▶ _Work item_
Give back each entry exactly as written, apart from the pictures.
______
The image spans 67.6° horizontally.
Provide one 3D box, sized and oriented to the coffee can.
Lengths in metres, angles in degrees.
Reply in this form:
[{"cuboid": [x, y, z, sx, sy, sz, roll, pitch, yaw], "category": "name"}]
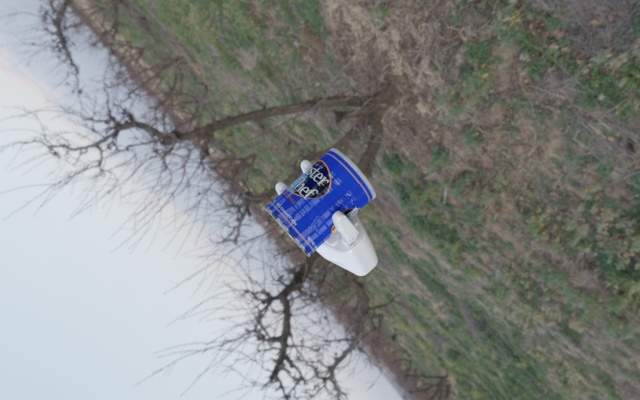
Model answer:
[{"cuboid": [0.000, 0.002, 0.738, 0.140, 0.103, 0.103, -42, 6, -6], "category": "coffee can"}]
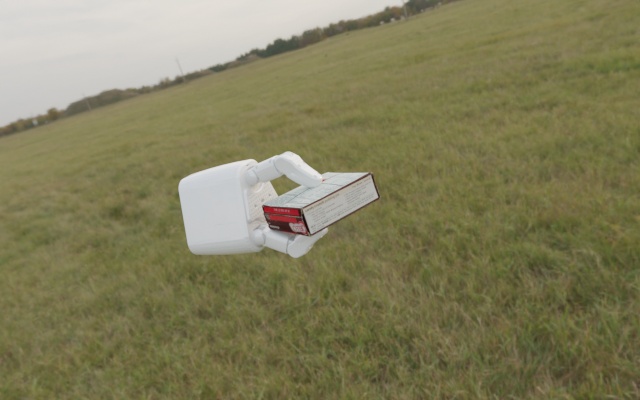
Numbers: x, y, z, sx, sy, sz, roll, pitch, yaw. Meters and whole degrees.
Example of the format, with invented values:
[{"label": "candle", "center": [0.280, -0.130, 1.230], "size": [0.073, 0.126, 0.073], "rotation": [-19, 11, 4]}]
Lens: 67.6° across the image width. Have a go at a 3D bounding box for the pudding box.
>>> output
[{"label": "pudding box", "center": [0.000, 0.002, 0.570], "size": [0.113, 0.039, 0.090], "rotation": [-29, 19, -30]}]
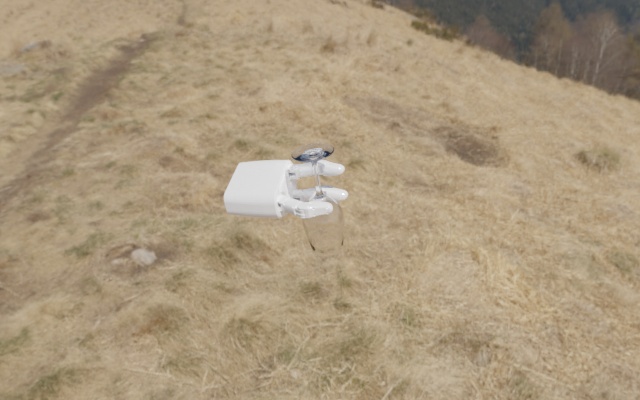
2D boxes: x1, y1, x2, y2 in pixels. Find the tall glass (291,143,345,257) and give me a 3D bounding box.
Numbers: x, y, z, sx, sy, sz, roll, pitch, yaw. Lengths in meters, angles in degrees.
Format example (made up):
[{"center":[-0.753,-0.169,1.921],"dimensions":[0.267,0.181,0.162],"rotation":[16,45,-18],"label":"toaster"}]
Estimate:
[{"center":[0.000,0.002,0.862],"dimensions":[0.079,0.201,0.079],"rotation":[-7,29,4],"label":"tall glass"}]
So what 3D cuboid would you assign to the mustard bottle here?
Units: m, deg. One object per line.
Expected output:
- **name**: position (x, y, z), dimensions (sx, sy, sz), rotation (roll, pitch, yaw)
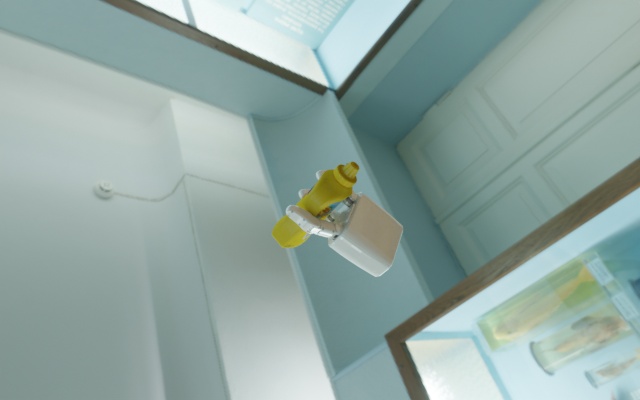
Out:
- **mustard bottle**: position (0.000, 0.003, 0.814), dimensions (0.192, 0.058, 0.096), rotation (-46, -11, 32)
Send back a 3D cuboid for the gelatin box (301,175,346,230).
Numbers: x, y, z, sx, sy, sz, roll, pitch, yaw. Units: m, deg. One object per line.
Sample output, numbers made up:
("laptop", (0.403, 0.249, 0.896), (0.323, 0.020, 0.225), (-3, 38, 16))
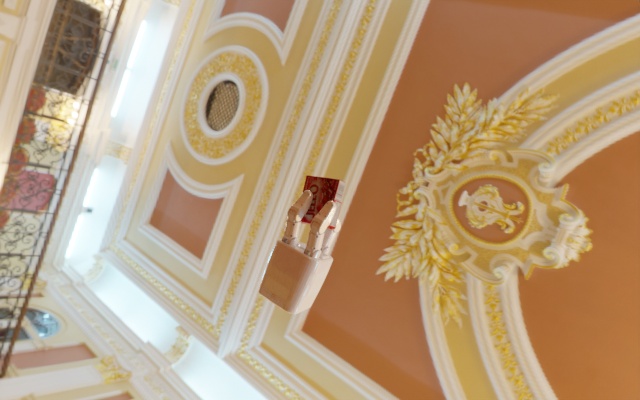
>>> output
("gelatin box", (0.000, 0.003, 0.863), (0.073, 0.089, 0.030), (9, -9, 34))
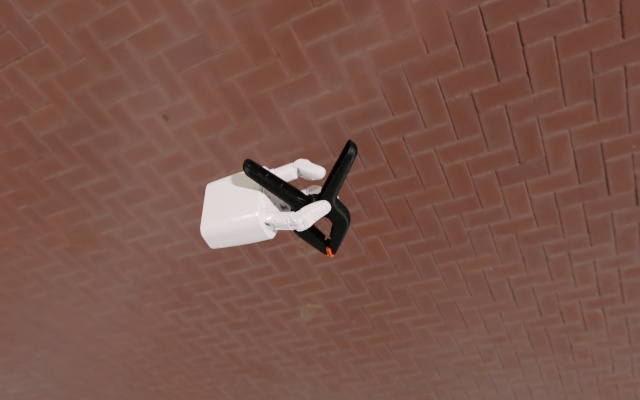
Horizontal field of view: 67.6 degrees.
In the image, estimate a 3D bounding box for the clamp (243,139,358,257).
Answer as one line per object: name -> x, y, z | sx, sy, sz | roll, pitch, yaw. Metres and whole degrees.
clamp -> 0.000, 0.003, 0.714 | 0.164, 0.210, 0.036 | -14, 38, 16
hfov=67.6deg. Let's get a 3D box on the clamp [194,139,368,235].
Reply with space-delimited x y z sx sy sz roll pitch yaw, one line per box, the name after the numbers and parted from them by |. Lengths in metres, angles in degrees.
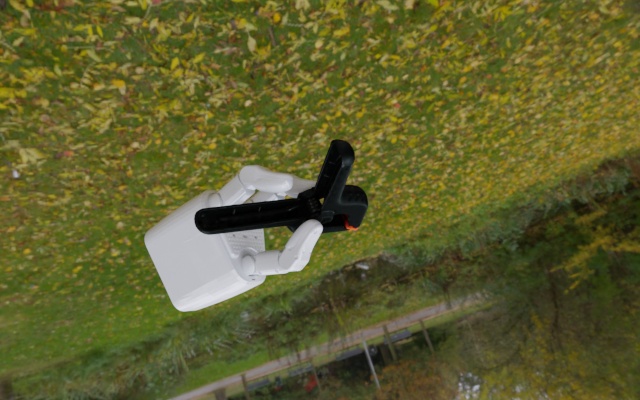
0.000 0.003 0.492 0.164 0.036 0.210 -27 -21 26 | clamp
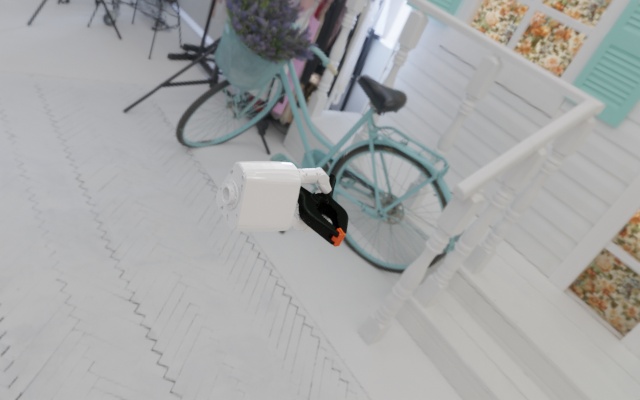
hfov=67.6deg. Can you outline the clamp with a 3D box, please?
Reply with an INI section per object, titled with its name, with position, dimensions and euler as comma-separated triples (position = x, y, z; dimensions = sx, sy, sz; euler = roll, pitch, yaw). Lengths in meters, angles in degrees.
[clamp]
position = 0.001, 0.003, 0.879
dimensions = 0.164, 0.036, 0.210
euler = -1, 39, -38
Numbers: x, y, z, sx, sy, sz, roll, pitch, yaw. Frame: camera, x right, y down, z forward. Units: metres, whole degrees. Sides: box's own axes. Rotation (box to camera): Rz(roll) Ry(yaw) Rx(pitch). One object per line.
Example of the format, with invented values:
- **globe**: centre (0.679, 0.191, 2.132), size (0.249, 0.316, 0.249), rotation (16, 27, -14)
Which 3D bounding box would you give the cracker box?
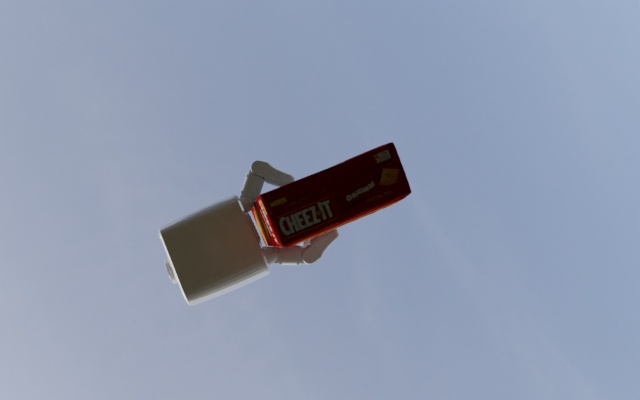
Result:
- **cracker box**: centre (0.000, 0.002, 0.620), size (0.164, 0.072, 0.214), rotation (-23, 1, -12)
______
▶ _Problem solution_
The image spans 67.6° horizontally.
Provide one 3D box, sized and oriented to the coffee can.
Lengths in metres, angles in degrees.
Reply in this form:
[{"cuboid": [x, y, z, sx, sy, sz, roll, pitch, yaw], "category": "name"}]
Model answer:
[{"cuboid": [0.000, 0.002, 0.738, 0.140, 0.103, 0.103, -42, 6, -6], "category": "coffee can"}]
Numbers: x, y, z, sx, sy, sz, roll, pitch, yaw. Meters and whole degrees.
Example of the format, with invented values:
[{"label": "candle", "center": [0.280, -0.130, 1.230], "size": [0.073, 0.126, 0.073], "rotation": [-19, 11, 4]}]
Lens: 67.6° across the image width. Have a go at a 3D bounding box for the pudding box.
>>> output
[{"label": "pudding box", "center": [0.000, 0.002, 0.570], "size": [0.113, 0.039, 0.090], "rotation": [-29, 19, -30]}]
2D boxes: x1, y1, x2, y2 in pixels. Find the tall glass (291,143,345,257) and give me a 3D bounding box.
Numbers: x, y, z, sx, sy, sz, roll, pitch, yaw. Lengths in meters, angles in degrees.
Format example (made up):
[{"center":[-0.753,-0.169,1.921],"dimensions":[0.267,0.181,0.162],"rotation":[16,45,-18],"label":"toaster"}]
Estimate:
[{"center":[0.000,0.002,0.862],"dimensions":[0.079,0.201,0.079],"rotation":[-7,29,4],"label":"tall glass"}]
So what 3D cuboid would you assign to the mustard bottle here?
Units: m, deg. One object per line.
Expected output:
- **name**: position (x, y, z), dimensions (sx, sy, sz), rotation (roll, pitch, yaw)
Out:
- **mustard bottle**: position (0.000, 0.003, 0.814), dimensions (0.192, 0.058, 0.096), rotation (-46, -11, 32)
Send back a 3D cuboid for the gelatin box (301,175,346,230).
Numbers: x, y, z, sx, sy, sz, roll, pitch, yaw. Units: m, deg. One object per line.
Sample output, numbers made up:
("laptop", (0.403, 0.249, 0.896), (0.323, 0.020, 0.225), (-3, 38, 16))
>>> output
("gelatin box", (0.000, 0.003, 0.863), (0.073, 0.089, 0.030), (9, -9, 34))
Horizontal field of view: 67.6 degrees.
In the image, estimate a 3D bounding box for the clamp (243,139,358,257).
Answer as one line per object: name -> x, y, z | sx, sy, sz | roll, pitch, yaw. Metres and whole degrees.
clamp -> 0.000, 0.003, 0.714 | 0.164, 0.210, 0.036 | -14, 38, 16
hfov=67.6deg. Let's get a 3D box on the clamp [194,139,368,235].
Reply with space-delimited x y z sx sy sz roll pitch yaw, one line per box, the name after the numbers and parted from them by |. Lengths in metres, angles in degrees.
0.000 0.003 0.492 0.164 0.036 0.210 -27 -21 26 | clamp
hfov=67.6deg. Can you outline the clamp with a 3D box, please?
Reply with an INI section per object, titled with its name, with position, dimensions and euler as comma-separated triples (position = x, y, z; dimensions = sx, sy, sz; euler = roll, pitch, yaw). Lengths in meters, angles in degrees.
[clamp]
position = 0.001, 0.003, 0.879
dimensions = 0.164, 0.036, 0.210
euler = -1, 39, -38
Numbers: x, y, z, sx, sy, sz, roll, pitch, yaw. Frame: camera, x right, y down, z forward. Units: metres, whole degrees. Sides: box's own axes. Rotation (box to camera): Rz(roll) Ry(yaw) Rx(pitch). One object per line.
Example of the format, with invented values:
- **globe**: centre (0.679, 0.191, 2.132), size (0.249, 0.316, 0.249), rotation (16, 27, -14)
Which 3D bounding box would you give the cracker box?
Result:
- **cracker box**: centre (0.000, 0.002, 0.620), size (0.164, 0.072, 0.214), rotation (-23, 1, -12)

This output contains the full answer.